## To do
Every line of the data below that holds the string "name" needs to be reported.

## Data for this exercise
* * * *

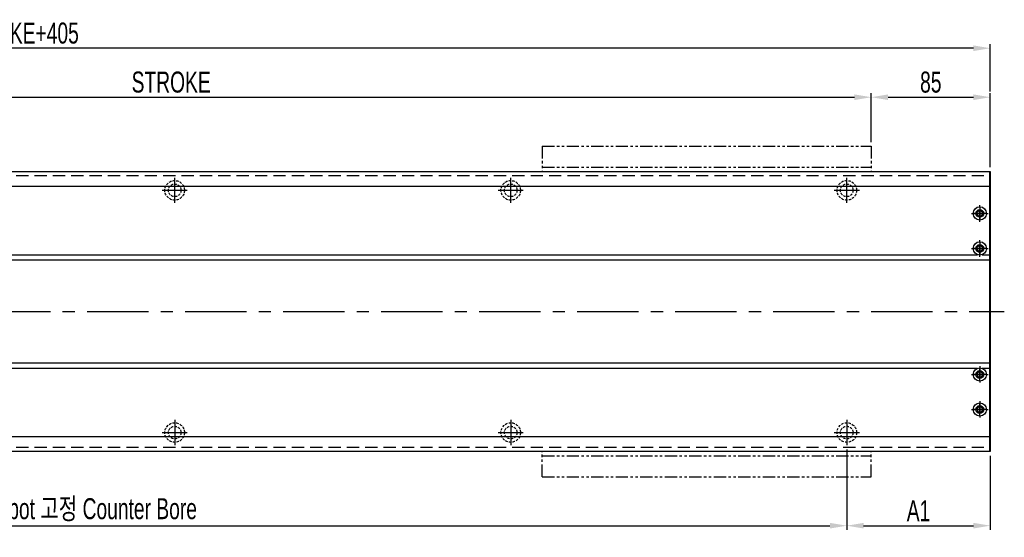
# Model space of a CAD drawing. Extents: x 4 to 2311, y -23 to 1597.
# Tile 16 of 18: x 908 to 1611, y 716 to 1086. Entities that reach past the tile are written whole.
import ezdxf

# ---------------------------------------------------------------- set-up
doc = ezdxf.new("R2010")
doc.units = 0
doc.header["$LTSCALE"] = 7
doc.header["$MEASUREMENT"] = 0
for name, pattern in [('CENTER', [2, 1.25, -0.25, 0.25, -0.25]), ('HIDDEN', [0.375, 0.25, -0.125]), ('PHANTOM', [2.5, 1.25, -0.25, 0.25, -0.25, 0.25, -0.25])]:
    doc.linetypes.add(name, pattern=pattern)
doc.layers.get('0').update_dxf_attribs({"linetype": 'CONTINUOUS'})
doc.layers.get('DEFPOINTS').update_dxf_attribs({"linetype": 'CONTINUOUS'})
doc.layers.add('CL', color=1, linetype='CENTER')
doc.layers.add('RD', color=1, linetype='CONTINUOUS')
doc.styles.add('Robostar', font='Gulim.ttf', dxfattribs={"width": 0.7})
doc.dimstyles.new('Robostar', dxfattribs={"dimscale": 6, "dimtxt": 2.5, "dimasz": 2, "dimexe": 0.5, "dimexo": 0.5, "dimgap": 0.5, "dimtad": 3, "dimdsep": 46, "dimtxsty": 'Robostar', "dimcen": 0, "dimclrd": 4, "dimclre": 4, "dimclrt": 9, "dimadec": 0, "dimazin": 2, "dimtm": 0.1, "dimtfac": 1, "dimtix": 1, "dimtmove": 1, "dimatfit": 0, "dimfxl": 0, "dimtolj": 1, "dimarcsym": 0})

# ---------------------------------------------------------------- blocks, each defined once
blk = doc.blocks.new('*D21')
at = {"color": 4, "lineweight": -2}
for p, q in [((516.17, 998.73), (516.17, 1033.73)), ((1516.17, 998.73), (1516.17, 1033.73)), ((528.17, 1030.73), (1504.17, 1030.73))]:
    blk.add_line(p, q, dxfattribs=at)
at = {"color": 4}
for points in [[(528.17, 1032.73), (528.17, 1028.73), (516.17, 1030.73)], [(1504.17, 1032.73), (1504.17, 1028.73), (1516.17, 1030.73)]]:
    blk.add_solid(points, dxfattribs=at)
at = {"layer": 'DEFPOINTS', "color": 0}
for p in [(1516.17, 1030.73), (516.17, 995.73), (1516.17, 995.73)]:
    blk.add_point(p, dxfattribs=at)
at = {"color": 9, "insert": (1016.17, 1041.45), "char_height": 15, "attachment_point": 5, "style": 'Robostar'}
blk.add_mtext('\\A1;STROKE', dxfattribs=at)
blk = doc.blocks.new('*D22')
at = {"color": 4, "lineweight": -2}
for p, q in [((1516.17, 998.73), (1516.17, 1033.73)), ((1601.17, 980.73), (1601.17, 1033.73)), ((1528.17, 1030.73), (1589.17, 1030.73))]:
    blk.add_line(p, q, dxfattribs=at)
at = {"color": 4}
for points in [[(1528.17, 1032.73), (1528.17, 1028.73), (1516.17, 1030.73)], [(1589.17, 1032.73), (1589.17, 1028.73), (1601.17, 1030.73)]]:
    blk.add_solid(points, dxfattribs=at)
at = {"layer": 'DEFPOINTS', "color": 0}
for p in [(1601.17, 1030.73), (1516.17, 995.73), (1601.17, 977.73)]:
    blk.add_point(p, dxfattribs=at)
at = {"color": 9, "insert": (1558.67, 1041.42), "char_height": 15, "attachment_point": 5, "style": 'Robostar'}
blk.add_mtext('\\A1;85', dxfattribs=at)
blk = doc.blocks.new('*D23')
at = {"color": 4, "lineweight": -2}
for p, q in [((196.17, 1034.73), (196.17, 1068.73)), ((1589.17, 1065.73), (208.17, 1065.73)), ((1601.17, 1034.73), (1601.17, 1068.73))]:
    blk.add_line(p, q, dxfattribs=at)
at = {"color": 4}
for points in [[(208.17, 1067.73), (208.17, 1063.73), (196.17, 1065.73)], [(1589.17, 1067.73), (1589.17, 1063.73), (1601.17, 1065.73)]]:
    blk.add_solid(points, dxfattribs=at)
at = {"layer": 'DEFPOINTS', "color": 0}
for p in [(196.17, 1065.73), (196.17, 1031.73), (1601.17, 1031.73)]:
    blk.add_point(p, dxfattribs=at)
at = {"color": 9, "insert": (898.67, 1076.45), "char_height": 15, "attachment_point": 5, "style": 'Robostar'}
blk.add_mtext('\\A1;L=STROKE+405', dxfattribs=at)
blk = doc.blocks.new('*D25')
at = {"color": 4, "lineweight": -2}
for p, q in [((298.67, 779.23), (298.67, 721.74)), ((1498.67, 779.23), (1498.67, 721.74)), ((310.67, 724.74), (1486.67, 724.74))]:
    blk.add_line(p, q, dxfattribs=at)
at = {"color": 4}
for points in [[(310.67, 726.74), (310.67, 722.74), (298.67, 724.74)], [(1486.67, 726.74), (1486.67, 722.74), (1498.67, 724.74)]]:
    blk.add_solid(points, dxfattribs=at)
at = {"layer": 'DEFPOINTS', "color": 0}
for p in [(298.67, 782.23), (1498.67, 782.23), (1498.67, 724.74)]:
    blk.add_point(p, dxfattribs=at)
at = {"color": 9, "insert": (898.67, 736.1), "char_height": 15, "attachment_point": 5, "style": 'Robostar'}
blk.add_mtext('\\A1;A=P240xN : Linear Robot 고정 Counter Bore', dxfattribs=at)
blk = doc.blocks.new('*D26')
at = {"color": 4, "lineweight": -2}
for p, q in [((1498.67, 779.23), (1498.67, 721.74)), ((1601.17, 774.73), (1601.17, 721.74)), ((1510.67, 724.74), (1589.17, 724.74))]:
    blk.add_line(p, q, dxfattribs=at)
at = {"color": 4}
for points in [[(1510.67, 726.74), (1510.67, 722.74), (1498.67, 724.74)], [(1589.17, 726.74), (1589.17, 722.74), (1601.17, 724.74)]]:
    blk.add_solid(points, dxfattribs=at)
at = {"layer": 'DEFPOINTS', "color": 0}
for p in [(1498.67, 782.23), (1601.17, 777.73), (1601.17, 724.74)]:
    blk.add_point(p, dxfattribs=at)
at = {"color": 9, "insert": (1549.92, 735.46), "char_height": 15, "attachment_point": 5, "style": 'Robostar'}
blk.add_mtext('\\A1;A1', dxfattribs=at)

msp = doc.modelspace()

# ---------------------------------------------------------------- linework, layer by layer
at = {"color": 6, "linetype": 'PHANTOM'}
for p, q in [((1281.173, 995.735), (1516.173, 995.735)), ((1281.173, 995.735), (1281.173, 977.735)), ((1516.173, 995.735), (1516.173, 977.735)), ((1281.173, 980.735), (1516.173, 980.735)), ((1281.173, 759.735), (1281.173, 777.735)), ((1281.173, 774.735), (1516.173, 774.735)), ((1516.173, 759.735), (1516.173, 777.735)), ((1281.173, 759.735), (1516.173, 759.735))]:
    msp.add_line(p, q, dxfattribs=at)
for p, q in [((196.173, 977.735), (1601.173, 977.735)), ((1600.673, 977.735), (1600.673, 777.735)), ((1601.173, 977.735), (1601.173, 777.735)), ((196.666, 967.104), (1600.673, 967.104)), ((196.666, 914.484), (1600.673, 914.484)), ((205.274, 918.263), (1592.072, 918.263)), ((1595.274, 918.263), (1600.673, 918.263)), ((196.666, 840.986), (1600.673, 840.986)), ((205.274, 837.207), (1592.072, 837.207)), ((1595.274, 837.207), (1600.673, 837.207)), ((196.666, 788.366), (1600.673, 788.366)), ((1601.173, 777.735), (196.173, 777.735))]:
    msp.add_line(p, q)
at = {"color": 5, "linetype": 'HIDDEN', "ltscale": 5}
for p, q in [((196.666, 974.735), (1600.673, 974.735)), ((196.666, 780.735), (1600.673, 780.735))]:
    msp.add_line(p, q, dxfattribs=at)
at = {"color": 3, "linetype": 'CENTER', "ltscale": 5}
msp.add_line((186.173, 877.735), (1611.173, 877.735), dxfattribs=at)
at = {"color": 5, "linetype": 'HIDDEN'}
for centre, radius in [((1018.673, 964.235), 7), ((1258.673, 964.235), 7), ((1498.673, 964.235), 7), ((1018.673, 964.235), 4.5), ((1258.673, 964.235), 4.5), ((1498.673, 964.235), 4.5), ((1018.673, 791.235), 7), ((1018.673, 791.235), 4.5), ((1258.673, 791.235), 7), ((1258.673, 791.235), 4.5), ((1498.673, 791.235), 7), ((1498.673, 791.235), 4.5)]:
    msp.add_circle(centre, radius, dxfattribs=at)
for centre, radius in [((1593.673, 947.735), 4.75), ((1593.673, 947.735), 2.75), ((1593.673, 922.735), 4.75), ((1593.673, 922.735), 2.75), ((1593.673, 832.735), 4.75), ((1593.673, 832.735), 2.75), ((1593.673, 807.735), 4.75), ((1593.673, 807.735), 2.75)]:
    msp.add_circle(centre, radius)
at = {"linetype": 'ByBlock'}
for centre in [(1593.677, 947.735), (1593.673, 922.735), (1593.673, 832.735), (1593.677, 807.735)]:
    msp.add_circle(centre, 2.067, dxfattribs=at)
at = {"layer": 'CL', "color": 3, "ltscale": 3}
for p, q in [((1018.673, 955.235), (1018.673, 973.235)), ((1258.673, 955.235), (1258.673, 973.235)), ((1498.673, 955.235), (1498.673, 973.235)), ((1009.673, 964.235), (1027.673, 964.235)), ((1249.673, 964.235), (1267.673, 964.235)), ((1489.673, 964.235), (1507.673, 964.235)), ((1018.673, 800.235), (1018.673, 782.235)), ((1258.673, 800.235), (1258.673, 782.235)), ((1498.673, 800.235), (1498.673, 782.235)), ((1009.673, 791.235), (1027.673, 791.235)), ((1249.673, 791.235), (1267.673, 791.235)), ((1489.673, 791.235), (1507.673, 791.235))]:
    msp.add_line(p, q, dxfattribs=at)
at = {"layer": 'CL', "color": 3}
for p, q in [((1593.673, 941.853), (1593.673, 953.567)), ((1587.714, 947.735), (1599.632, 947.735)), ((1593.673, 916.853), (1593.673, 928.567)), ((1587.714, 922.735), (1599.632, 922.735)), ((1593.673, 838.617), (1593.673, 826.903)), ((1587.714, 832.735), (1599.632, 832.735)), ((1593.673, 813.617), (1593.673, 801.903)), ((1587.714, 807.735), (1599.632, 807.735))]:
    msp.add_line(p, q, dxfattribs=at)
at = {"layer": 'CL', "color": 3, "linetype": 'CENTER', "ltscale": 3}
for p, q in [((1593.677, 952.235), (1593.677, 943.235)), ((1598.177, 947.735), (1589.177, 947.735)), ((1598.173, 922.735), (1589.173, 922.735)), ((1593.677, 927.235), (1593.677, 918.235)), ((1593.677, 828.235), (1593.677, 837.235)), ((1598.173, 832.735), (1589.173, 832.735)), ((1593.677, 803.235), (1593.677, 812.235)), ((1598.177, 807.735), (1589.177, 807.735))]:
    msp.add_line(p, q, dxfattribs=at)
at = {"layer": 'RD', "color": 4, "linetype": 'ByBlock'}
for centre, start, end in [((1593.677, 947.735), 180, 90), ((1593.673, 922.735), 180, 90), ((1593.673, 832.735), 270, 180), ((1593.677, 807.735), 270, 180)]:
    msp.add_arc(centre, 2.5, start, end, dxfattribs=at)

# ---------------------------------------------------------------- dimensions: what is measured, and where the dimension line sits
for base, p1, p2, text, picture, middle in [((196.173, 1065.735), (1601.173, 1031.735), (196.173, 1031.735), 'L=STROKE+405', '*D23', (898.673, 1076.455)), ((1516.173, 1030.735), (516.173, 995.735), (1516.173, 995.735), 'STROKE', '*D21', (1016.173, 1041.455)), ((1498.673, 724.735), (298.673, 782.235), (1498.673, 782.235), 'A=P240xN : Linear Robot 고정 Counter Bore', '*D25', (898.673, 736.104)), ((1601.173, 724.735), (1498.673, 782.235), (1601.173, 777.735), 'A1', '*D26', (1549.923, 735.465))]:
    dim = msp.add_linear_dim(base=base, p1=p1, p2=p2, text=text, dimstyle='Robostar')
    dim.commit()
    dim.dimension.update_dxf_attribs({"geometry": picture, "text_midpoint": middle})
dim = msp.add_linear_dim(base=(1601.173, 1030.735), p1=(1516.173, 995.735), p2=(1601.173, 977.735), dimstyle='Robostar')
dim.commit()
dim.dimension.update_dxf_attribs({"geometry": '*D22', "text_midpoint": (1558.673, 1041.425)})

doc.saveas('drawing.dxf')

* * * *

## Result of the exercise
for name, pattern in [('CENTER', [2, 1.25, -0.25, 0.25, -0.25]), ('HIDDEN', [0.375, 0.25, -0.125]), ('PHANTOM', [2.5, 1.25, -0.25, 0.25, -0.25, 0.25, -0.25])]:
    doc.linetypes.add(name, pattern=pattern)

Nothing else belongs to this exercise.